Besin gruplarındaki besinlerin renk ve çeşitliliği, besin hazırlamada kullanılan pişirme yöntemlerinin doğru olması sağlıklı beslenme için önemlidir. Akrilamid, PAH (polisiklik aromatik hidrokarbonlar), nitrozamin gibi zararlı kimyasalların oluşumu doğru pişirme yöntemleri ile engellenebilir. Protein açısından zengin olan et, tavuk, balık gibi besinler ateşe en az 10 cm uzaklıkta pişirilmelidir. Fırın ve elektrikli ızgara tercih etmek zararlı kimyasalların oluşumunu azaltır.
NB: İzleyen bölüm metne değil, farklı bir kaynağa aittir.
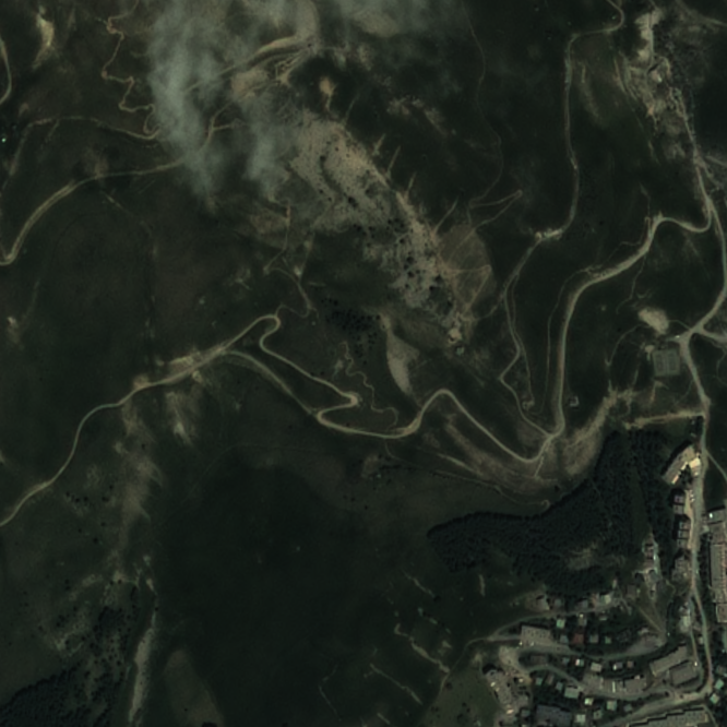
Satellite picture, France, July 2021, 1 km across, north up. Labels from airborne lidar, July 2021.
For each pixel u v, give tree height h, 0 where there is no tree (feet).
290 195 0
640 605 0
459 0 0
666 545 45
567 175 0
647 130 0
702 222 0
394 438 0
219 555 0
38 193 0
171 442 0
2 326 0
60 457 0
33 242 0
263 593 0
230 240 0
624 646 34
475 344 0
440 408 0
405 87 0
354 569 0
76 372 0
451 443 0
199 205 0
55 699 42
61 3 0
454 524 53
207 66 0
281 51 0
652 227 0
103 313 0
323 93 0
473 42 0
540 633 0
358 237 0
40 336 0
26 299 0
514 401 0
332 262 0
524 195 0
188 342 0
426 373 0
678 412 0
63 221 0
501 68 0
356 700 0
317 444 0
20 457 0
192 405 0
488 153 0
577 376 0
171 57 0
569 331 0
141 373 0
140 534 0
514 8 0
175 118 0
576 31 0
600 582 42
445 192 0
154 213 0
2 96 0
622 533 53
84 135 0
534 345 0
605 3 0
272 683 0
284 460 0
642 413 0
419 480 0
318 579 0
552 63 0
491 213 0
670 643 21
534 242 0
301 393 0
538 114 0
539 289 0
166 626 0
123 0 0
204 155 0
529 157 0
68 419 0
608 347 0
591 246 0
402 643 0
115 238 0
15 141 0
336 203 0
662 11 0
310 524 0
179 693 0
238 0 0
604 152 0
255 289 0
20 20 0
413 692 0
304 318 0
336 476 0
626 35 0
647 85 0
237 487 0
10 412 0
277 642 0
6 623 0
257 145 0
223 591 0
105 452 0
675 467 0
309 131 0
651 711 0
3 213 0
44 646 0
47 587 0
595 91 0
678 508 0
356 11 0
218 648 0
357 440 0
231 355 0
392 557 0
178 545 0
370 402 0
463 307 0
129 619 31
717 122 0
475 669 0
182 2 0
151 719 0
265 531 0
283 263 0
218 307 0
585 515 54
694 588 0
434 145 0
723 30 0
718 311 0
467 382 0
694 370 0
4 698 0
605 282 0
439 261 0
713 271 0
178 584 0
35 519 0
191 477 0
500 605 0
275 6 0
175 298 0
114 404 0
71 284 0
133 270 0
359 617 0
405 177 0
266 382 0
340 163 0
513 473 0
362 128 0
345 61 0
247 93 0
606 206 0
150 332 0
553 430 0
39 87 0
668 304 0
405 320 0
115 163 0
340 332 0
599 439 0
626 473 56
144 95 0
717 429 0
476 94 0
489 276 0
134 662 0
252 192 0
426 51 0
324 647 0
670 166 0
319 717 0
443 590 0
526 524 48
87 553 0
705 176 0
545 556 51
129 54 0
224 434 0
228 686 0
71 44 0
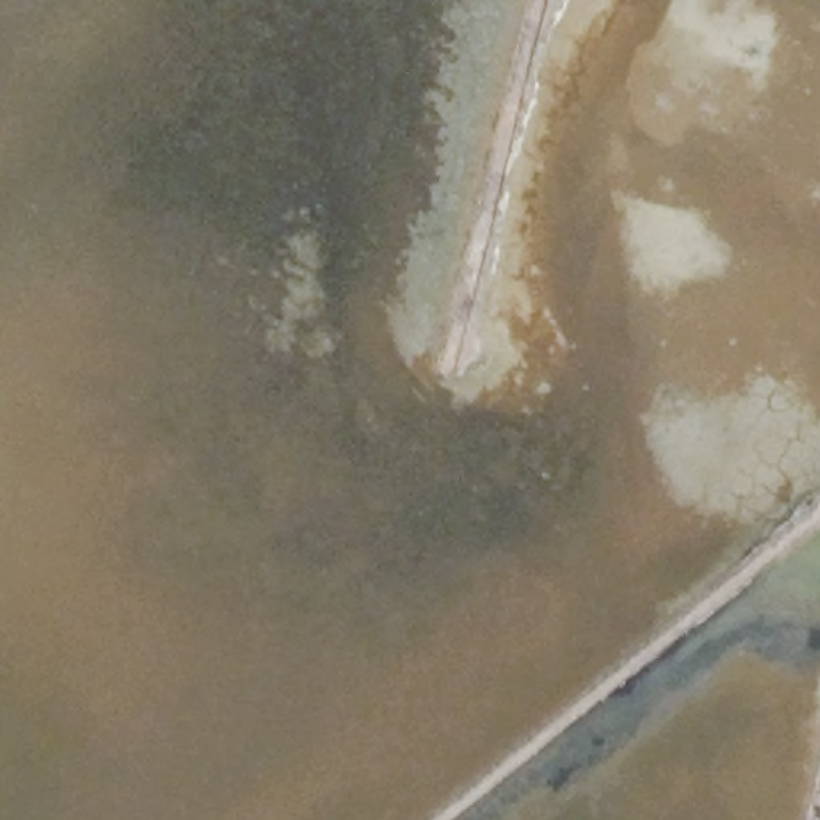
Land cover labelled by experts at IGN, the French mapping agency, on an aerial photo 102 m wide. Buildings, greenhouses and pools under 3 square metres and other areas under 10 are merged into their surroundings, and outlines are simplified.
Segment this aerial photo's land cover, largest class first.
<instances>
[{"label":"water","instance_id":"1","mask_svg":"<svg viewBox=\"0 0 820 820\"><path fill-rule=\"evenodd\" d=\"M673 0H612V6L602 16H596L589 29L580 35L573 58L567 64V83L551 86V106L541 112L545 135L535 138L545 170L532 173L529 189L522 192L525 211L516 224L525 253L519 259L516 279L529 288L532 314L529 320L519 314L506 317L509 336L519 346L522 359L506 368L496 388L480 391L471 404H461L452 397L448 388H442V381L429 388L413 375V368L404 362L394 343V330L388 320V308L404 301V288L397 279L407 269L410 224L416 221V215L429 211L432 183L439 170L442 119L432 103H426V93L436 90L442 64L458 61V54L452 51L455 32L442 22V0H0V820H429L452 798L471 788L484 772L503 762L516 746H522L535 730H541L557 711L577 701L596 679L612 673L657 631H663V625L657 621V609L689 593L705 573H711L724 561V551L730 548V516L698 513L692 503H676L663 468L653 458V448L647 445V429L641 420L644 413H650L657 384H676L682 394L695 400H718L727 394L743 397L756 378L794 381L801 388V400L820 413V0H756L759 13H772L775 19V48L769 58V74H762L689 51L685 32L666 19ZM631 199L695 211L708 234L727 243L724 272L689 279L676 288L644 291L641 279L631 275L628 247L621 237L625 205ZM804 766H820V529L798 541L785 557L762 567L737 596H730L705 621L679 634L663 653L644 663L631 679H625L615 692H609L599 705H593L561 737H554L541 753H535L525 766L506 775L490 794H484L455 820H801Z\"/></svg>","mask_w":820,"mask_h":820},{"label":"pervious surface","instance_id":"2","mask_svg":"<svg viewBox=\"0 0 820 820\"><path fill-rule=\"evenodd\" d=\"M612 6V0H442V22L455 32L452 51L458 54V61L442 64L436 90L426 93V103H432L442 119L439 170L432 183L429 211L416 215V221L410 224L407 269L397 279L404 288V301L388 308V320L394 330V343L404 362L413 368V375L429 388L442 381V388H448L452 397L461 404H471L480 391L496 388L506 368L522 359L519 346L509 336L506 317L519 314L529 320L532 314L529 288L516 279L519 259L525 253L516 224L525 211L522 192L529 189L532 173L545 170L535 138L545 135L541 112L551 106V86L567 83V64L573 58L580 35L589 29L596 16H602ZM666 19L685 32L689 51L762 74H769V58L775 48V19L772 13H759L756 0H673ZM621 237L628 247L631 275L641 279L644 291L676 288L689 279L724 272L727 243L708 234L695 211L631 199L625 205ZM647 429V445L653 448V458L663 468L676 503H692L698 513L730 516V548L724 551V561L711 573H705L689 593L657 609V621L663 625V631H657L612 673L596 679L577 701L557 711L541 730H535L522 746H516L503 762L484 772L471 788L452 798L429 820H455L484 794H490L506 775L525 766L535 753H541L554 737H561L593 705H599L609 692H615L625 679H631L644 663L663 653L679 634L705 621L730 596H737L762 567L785 557L798 541L820 529V413L801 400V388L794 381L756 378L743 397L727 394L718 400H695L682 394L676 384H657L650 413H644L641 420ZM801 820H820V766H804Z\"/></svg>","mask_w":820,"mask_h":820}]
</instances>
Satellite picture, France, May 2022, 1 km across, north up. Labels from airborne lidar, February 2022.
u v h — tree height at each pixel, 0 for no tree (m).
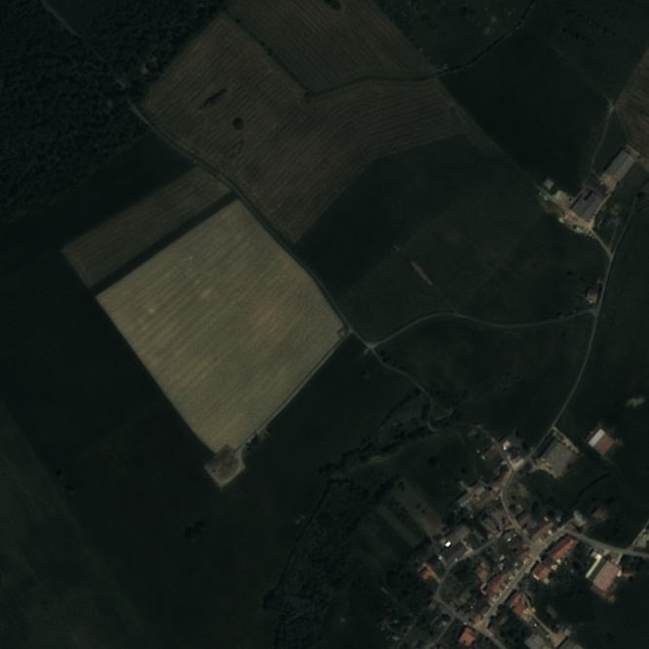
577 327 0
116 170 0
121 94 24
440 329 0
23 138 26
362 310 0
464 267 0
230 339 0
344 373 0
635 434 0
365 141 0
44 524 0
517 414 0
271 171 0
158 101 0
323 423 0
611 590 0
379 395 0
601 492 0
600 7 0
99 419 0
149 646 0
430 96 0
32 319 0
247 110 0
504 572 0
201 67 0
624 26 0
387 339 0
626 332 0
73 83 28
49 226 0
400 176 0
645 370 0
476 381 0
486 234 0
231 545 0
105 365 0
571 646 0
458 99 0
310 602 22
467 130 0
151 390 0
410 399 12
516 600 0
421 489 0
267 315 0
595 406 0
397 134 0
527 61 0
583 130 0
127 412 0
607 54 0
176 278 0
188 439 0
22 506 0
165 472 0
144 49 30
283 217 0
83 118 10
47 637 0
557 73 0
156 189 0
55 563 0
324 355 0
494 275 0
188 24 24
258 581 0
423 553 16
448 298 0
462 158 0
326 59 0
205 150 0
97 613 0
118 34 16
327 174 0
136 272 0
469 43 0
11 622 0
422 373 0
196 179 0
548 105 0
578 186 0
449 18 0
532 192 0
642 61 0
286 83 0
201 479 0
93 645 0
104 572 0
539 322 0
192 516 0
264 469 0
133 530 0
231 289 0
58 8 9
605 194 0
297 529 0
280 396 0
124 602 0
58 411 0
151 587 0
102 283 0
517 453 0
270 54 7
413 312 0
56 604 0
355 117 0
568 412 0
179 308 0
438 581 0
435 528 0
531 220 0
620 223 0
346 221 0
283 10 0
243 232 0
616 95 0
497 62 0
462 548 0
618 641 0
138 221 0
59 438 0
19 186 24
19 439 0
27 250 0
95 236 0
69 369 0
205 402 0
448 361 0
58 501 0
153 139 0
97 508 0
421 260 0
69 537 0
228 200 0
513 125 0
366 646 0
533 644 0
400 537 0
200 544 0
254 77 0
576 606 0
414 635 0
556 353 0
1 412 0
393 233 0
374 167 0
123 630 0
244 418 0
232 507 0
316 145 0
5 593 0
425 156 0
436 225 0
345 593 0
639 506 0
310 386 0
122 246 0
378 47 0
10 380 0
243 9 0
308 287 0
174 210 0
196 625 0
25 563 0
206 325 0
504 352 0
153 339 0
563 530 0
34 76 28
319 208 0
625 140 0
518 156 0
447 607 0
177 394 0
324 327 0
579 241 0
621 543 0
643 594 0
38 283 0
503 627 6
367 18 0
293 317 0
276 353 0
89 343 0
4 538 0
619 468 0
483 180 0
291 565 6
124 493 0
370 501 11
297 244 0
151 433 0
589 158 0
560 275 0
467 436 0
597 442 0
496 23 0
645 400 0
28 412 0
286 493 0
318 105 0
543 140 0
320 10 0
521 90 0
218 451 0
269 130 0
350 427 0
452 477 0
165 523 0
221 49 0
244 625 0
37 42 15
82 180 15
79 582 0
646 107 0
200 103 0
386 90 0
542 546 0
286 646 15
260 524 0
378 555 0
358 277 0
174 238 0
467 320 0
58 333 0
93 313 0
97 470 0
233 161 0
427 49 0
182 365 0
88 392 0
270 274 0
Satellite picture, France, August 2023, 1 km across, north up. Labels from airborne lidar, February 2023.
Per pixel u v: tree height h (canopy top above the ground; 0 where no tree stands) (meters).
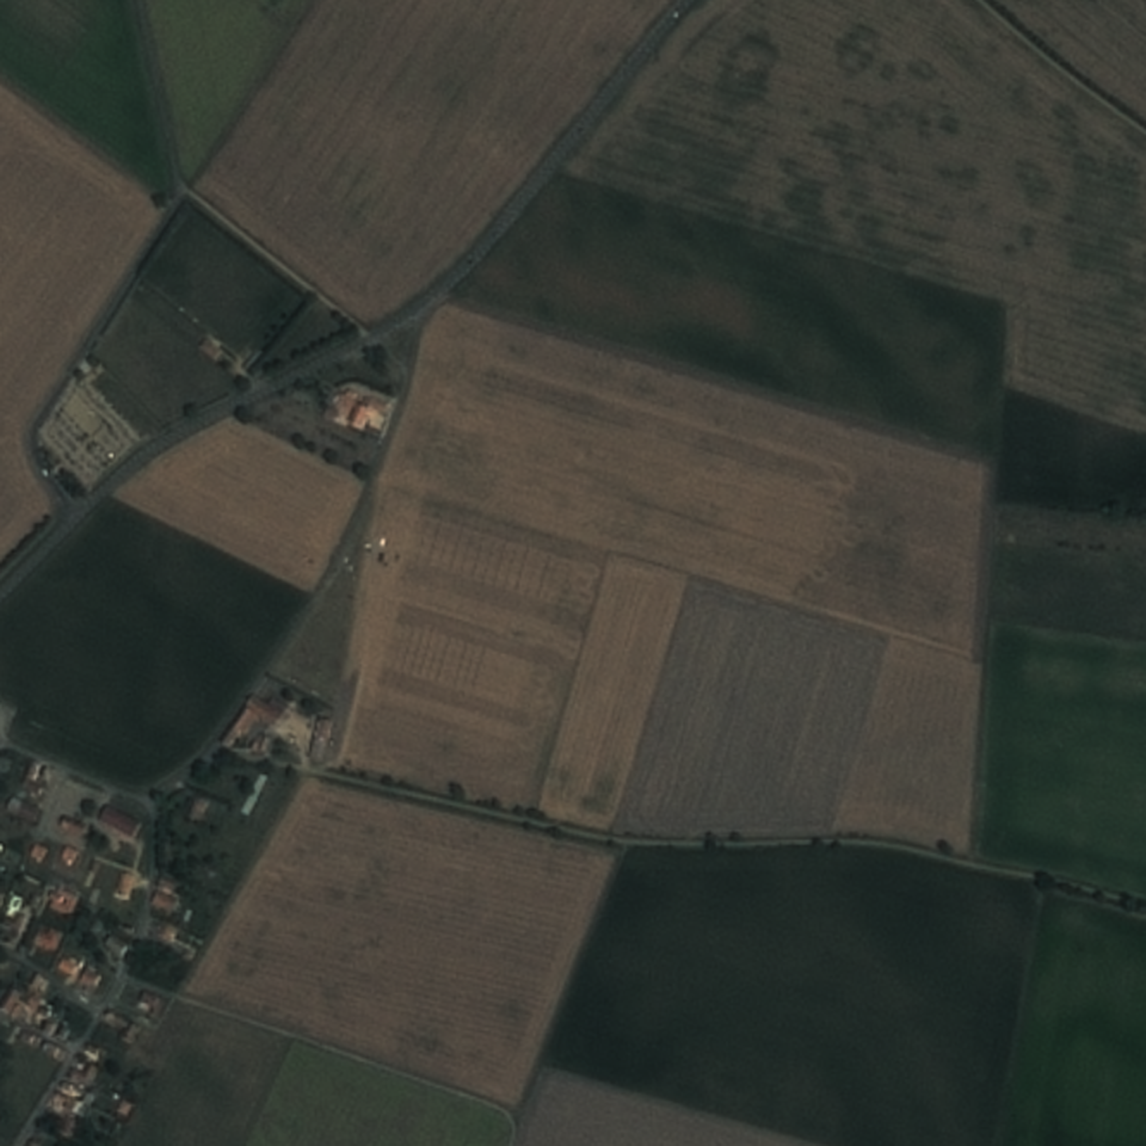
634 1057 0
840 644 0
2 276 0
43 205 0
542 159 0
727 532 0
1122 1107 0
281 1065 0
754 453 0
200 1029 0
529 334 0
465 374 0
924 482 0
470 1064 0
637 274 0
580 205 0
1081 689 0
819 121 0
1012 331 0
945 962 0
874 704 0
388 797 0
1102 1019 0
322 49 0
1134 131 0
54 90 0
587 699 0
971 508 0
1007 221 0
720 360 0
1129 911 17
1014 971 0
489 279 0
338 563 0
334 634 0
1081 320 0
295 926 0
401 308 0
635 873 0
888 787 0
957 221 0
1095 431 0
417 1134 0
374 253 0
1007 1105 0
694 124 0
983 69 0
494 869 0
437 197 0
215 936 0
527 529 0
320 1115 0
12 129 0
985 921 0
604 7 0
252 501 0
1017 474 0
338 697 0
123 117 0
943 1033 0
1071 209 0
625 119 0
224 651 0
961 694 0
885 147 0
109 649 0
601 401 0
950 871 0
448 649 0
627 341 0
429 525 0
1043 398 0
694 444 0
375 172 0
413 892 0
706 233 0
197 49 0
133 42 0
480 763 0
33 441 0
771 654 0
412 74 0
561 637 0
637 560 0
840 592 0
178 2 0
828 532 0
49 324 0
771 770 0
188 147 0
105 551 0
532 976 0
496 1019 0
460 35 0
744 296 0
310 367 0
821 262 0
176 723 0
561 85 0
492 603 0
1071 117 0
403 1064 0
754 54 0
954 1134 0
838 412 0
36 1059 0
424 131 0
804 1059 0
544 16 0
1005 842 0
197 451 0
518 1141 0
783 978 0
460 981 0
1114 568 0
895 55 0
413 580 0
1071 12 0
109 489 0
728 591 0
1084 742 0
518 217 0
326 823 0
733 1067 0
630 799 0
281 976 0
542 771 0
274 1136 0
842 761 0
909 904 0
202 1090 0
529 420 0
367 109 0
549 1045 0
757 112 0
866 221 0
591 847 0
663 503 0
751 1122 0
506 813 0
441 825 0
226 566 0
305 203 0
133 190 0
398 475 0
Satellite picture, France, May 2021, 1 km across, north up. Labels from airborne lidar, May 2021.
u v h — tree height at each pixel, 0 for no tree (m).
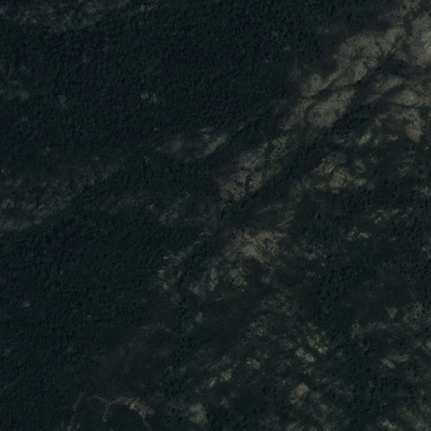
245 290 6
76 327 16
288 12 7
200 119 17
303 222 7
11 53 12
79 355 18
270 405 15
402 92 0
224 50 13
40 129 12
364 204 12
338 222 16
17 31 9
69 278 6
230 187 0
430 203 20
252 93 9
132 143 7
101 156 6
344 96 0
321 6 17
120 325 7
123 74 15
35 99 13
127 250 10
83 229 18
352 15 17
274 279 0
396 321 12
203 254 9
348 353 28
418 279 20
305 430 8
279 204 0
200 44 16
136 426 6
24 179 6
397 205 8
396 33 0
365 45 0
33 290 11
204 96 10
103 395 6
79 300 16
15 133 6
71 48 7
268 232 0
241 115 13
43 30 7
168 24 7
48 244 9
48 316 11
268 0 10
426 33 0
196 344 6
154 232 14
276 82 13
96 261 6
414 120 0
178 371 6
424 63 0
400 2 0
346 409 8
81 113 6
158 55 8
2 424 11
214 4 14
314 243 11
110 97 6
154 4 14
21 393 10
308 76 0
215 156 15
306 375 8
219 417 11
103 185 18
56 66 14
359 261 7
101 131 16
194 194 6
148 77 15
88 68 9
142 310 8
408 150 10
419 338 19
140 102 6
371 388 8
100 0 11
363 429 6
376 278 8
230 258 0
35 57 6
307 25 6
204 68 10
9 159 6
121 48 9
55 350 7
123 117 11
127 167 13
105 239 13
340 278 36
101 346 13
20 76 10
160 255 6
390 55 7
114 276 7
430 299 24
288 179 11
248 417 17
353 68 0
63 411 10
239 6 10
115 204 11
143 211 8
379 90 0
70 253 11
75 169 5
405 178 8
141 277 12
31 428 12
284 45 8
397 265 16
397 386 17
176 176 15
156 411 8
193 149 6
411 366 13
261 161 0
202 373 6
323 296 31
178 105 6
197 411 0
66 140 6
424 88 0
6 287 9
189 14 18
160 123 8
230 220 6
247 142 7
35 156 9
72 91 14
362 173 6
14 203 11
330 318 15
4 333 7
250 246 0
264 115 11
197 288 0
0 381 15
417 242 16
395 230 11
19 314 12
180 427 8
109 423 8
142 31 8
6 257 10
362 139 0
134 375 6
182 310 20
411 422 0
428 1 0
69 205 11
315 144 16
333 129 14
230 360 0
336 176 0
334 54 0
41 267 9
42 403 7
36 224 7
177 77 12
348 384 6
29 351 9
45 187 10
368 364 6
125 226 14
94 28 13
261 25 19
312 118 0
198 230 6
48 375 8
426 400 17
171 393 6
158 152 8
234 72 16
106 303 26
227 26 6
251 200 17
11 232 9
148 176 17
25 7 7
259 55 14
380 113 0
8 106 16
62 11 5
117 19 11
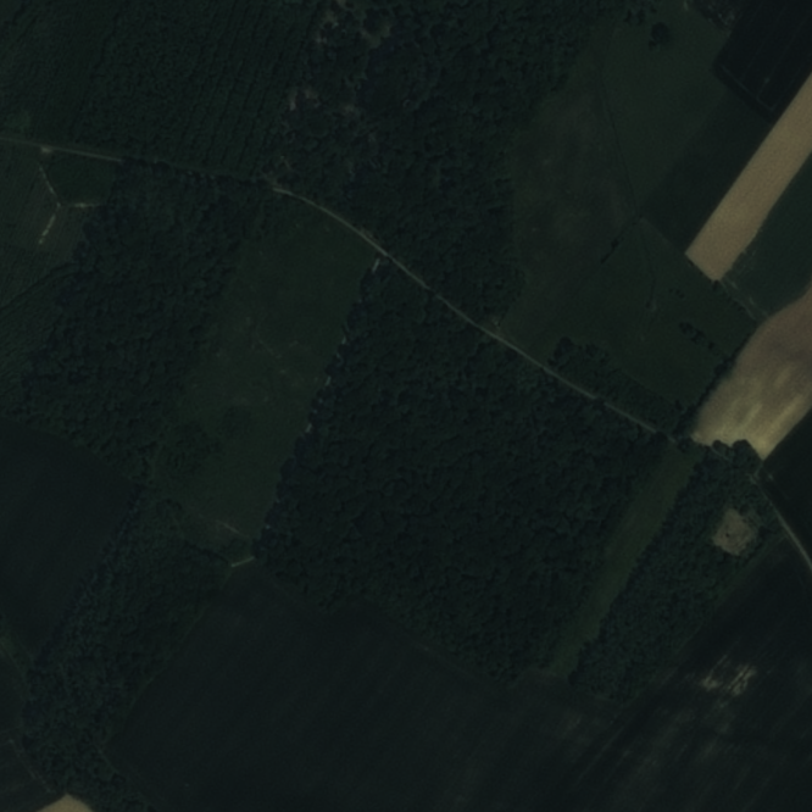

Sağlıklı beslenme şeklini alışkanlıklarınızı adım adım değiştirerek hayatınıza uyarlayabilirsiniz. Ne yediğinize dikkat etmek besin etiketi okumak ve güvenli besinlere ulaşabilmekten geçer. Her gün tükettiğiniz besinleri “beslenme günlüğü” oluşturarak miktarları ile not almanız bu farkındalığı arttırmanızda yardımcı olacaktır.